(Items from a data source)
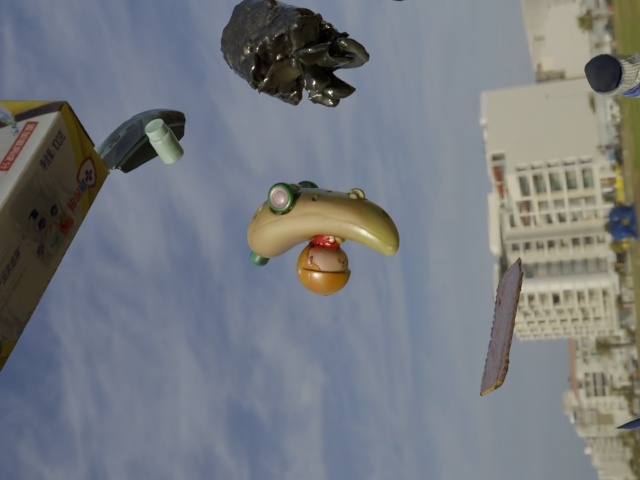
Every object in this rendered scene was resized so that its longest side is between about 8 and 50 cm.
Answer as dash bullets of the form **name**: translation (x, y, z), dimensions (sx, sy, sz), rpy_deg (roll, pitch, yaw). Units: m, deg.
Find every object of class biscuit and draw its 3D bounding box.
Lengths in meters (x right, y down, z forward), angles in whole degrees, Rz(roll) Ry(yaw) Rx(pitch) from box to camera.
- **biscuit**: translation (0.319, 0.152, 1.464), dimensions (0.237, 0.013, 0.232), rpy_deg (87, -164, -75)

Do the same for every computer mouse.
- **computer mouse**: translation (-0.407, -0.234, 1.859), dimensions (0.126, 0.231, 0.071), rpy_deg (46, 162, 44)

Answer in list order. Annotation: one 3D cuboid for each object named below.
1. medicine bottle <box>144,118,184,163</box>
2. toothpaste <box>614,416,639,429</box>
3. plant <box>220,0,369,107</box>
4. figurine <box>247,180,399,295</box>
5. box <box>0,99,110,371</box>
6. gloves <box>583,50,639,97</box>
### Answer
- **medicine bottle**: translation (-0.301, -0.191, 1.608), dimensions (0.083, 0.047, 0.047), rpy_deg (63, -151, -42)
- **toothpaste**: translation (0.428, 0.230, 1.069), dimensions (0.140, 0.037, 0.021), rpy_deg (116, 153, -66)
- **plant**: translation (-0.060, -0.369, 1.672), dimensions (0.199, 0.276, 0.189), rpy_deg (15, -76, -57)
- **figurine**: translation (0.000, 0.000, 1.629), dimensions (0.124, 0.324, 0.222), rpy_deg (-7, -76, -62)
- **box**: translation (-0.318, 0.001, 0.724), dimensions (0.097, 0.168, 0.265), rpy_deg (66, -143, -49)
- **gloves**: translation (0.531, -0.290, 1.402), dimensions (0.229, 0.119, 0.097), rpy_deg (-26, -60, -33)
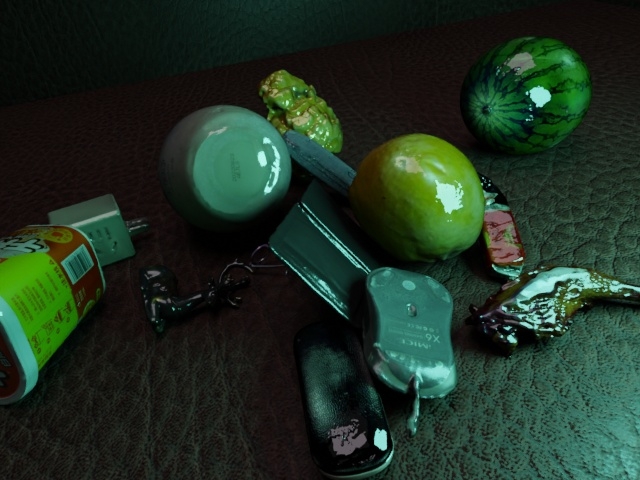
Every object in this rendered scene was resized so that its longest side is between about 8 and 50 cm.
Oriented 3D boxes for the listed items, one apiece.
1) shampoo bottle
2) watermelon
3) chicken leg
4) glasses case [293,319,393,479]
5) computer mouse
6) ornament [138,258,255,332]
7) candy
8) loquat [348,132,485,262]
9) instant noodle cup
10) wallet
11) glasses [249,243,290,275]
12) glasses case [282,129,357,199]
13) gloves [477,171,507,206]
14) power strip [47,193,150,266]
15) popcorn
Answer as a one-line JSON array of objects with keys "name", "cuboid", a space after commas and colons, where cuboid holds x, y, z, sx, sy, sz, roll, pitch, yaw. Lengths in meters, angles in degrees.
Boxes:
[{"name": "shampoo bottle", "cuboid": [-0.233, -0.177, 1.326, 0.323, 0.322, 0.317, -25, 16, -24]}, {"name": "watermelon", "cuboid": [0.574, -0.405, 1.490, 0.364, 0.362, 0.363, -6, 32, 4]}, {"name": "chicken leg", "cuboid": [0.457, 0.102, 0.950, 0.408, 0.095, 0.157, -7, 38, -3]}, {"name": "glasses case", "cuboid": [0.027, 0.239, 0.850, 0.122, 0.075, 0.314, -11, 32, -5]}, {"name": "computer mouse", "cuboid": [0.141, 0.180, 0.894, 0.167, 0.090, 0.379, 13, 35, -1]}, {"name": "ornament", "cuboid": [-0.265, 0.093, 1.154, 0.236, 0.080, 0.202, -20, 37, -12]}, {"name": "candy", "cuboid": [0.378, 0.001, 1.113, 0.086, 0.059, 0.292, -7, 52, 8]}, {"name": "loquat", "cuboid": [0.199, -0.082, 1.130, 0.276, 0.276, 0.283, -18, 73, -14]}, {"name": "instant noodle cup", "cuboid": [-0.606, 0.119, 1.048, 0.294, 0.293, 0.307, 0, 26, 14]}, {"name": "wallet", "cuboid": [0.030, 0.019, 1.055, 0.041, 0.247, 0.323, -38, 12, 30]}, {"name": "glasses", "cuboid": [-0.081, 0.038, 1.199, 0.140, 0.062, 0.104, -42, 62, -9]}, {"name": "glasses case", "cuboid": [0.014, -0.199, 1.424, 0.283, 0.067, 0.109, 38, 28, -3]}, {"name": "gloves", "cuboid": [0.328, -0.119, 1.286, 0.165, 0.124, 0.203, -31, 43, -1]}, {"name": "power strip", "cuboid": [-0.553, -0.027, 1.349, 0.225, 0.140, 0.139, -22, 33, -19]}, {"name": "popcorn", "cuboid": [-0.061, -0.348, 1.586, 0.225, 0.332, 0.265, -26, 13, 18]}]
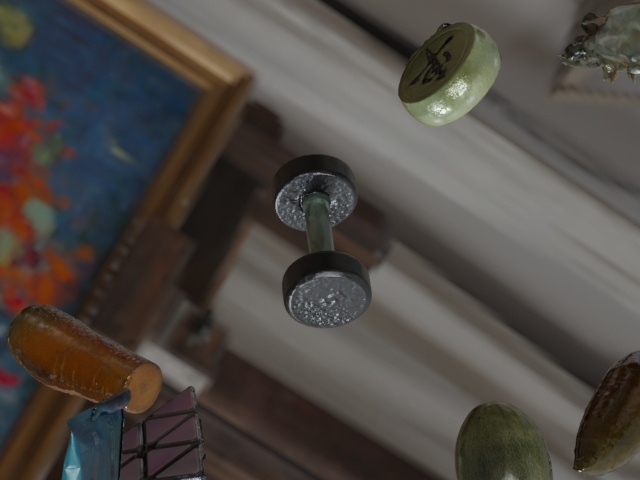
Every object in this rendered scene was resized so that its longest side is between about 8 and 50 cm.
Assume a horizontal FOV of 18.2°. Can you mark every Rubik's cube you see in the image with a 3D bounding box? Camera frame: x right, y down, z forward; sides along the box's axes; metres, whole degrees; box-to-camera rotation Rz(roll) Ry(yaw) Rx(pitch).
[{"bbox_3d":[-0.205,0.243,2.117,0.211,0.178,0.190,90,-5,-47],"label":"Rubik's cube"}]

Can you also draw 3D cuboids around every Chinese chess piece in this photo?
[{"bbox_3d":[0.095,-0.124,1.483,0.084,0.034,0.084,-37,-151,25],"label":"Chinese chess piece"}]

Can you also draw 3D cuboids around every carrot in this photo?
[{"bbox_3d":[-0.269,0.138,2.249,0.087,0.193,0.087,-39,144,-36],"label":"carrot"}]

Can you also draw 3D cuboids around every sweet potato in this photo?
[{"bbox_3d":[0.319,0.157,1.920,0.346,0.079,0.108,1,117,-61],"label":"sweet potato"}]

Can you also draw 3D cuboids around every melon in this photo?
[{"bbox_3d":[0.186,0.228,2.034,0.098,0.098,0.130,169,-89,-76],"label":"melon"}]

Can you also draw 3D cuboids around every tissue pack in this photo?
[{"bbox_3d":[-0.161,0.179,1.412,0.085,0.028,0.138,-32,131,-66],"label":"tissue pack"}]

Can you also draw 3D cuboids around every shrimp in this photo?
[{"bbox_3d":[0.384,-0.160,2.045,0.360,0.247,0.085,14,-126,47],"label":"shrimp"}]

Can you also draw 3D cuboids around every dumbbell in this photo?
[{"bbox_3d":[0.000,0.000,2.250,0.100,0.100,0.191,-50,-147,37],"label":"dumbbell"}]
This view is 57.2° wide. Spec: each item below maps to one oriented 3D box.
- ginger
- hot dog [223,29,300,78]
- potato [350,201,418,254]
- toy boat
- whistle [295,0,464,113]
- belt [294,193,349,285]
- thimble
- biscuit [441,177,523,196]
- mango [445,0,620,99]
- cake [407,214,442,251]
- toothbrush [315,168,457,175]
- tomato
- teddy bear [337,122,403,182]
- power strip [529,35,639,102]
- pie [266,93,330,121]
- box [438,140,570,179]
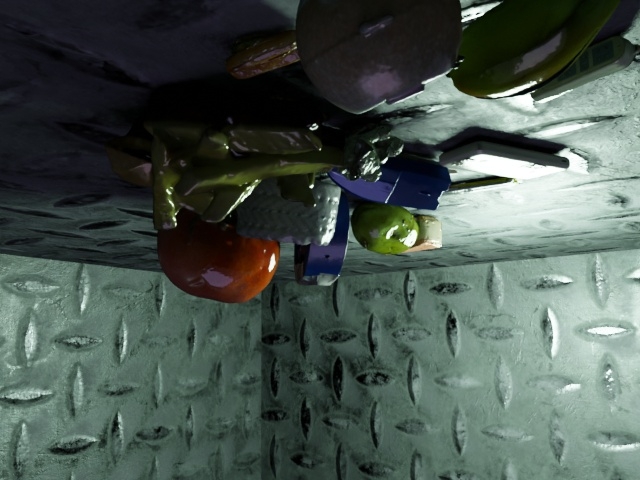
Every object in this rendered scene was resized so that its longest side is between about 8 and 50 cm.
[{"bbox_3d":[-0.156,-0.115,1.077,0.414,0.211,0.358,3,176,29],"label":"ginger"},{"bbox_3d":[-0.079,-0.266,0.823,0.133,0.041,0.056,-13,166,20],"label":"hot dog"},{"bbox_3d":[0.195,-0.042,1.789,0.186,0.148,0.253,-21,155,17],"label":"potato"},{"bbox_3d":[0.143,-0.145,1.336,0.295,0.088,0.129,7,127,-23],"label":"toy boat"},{"bbox_3d":[0.067,-0.248,0.700,0.189,0.189,0.348,-2,-168,7],"label":"whistle"},{"bbox_3d":[0.000,0.000,1.718,0.117,0.212,0.347,0,147,-12],"label":"belt"},{"bbox_3d":[-0.081,-0.074,1.435,0.246,0.157,0.217,8,-179,4],"label":"thimble"},{"bbox_3d":[0.390,-0.141,1.577,0.292,0.026,0.048,-6,165,25],"label":"biscuit"},{"bbox_3d":[0.265,-0.252,0.730,0.233,0.111,0.125,-26,169,40],"label":"mango"},{"bbox_3d":[0.298,-0.018,2.014,0.225,0.109,0.090,-9,167,36],"label":"cake"},{"bbox_3d":[0.153,-0.167,1.402,0.375,0.037,0.028,-1,173,-13],"label":"toothbrush"},{"bbox_3d":[-0.284,0.032,1.606,0.342,0.272,0.341,18,-154,-9],"label":"tomato"},{"bbox_3d":[0.076,-0.177,1.133,0.133,0.111,0.213,-52,169,19],"label":"teddy bear"},{"bbox_3d":[0.381,-0.254,0.885,0.030,0.047,0.191,11,164,-34],"label":"power strip"},{"bbox_3d":[-0.057,-0.227,1.041,0.092,0.034,0.170,-8,174,24],"label":"pie"},{"bbox_3d":[0.418,-0.178,1.331,0.285,0.044,0.142,4,171,-28],"label":"box"}]

### What this task involves
From the entries above, extract every line where the word "below" appears.

### Output of the task
Answer in list order. Annotation: one 3D cuboid for each object named below.
This view is 57.2° wide. Spec: each item below maps to one oriented 3D box.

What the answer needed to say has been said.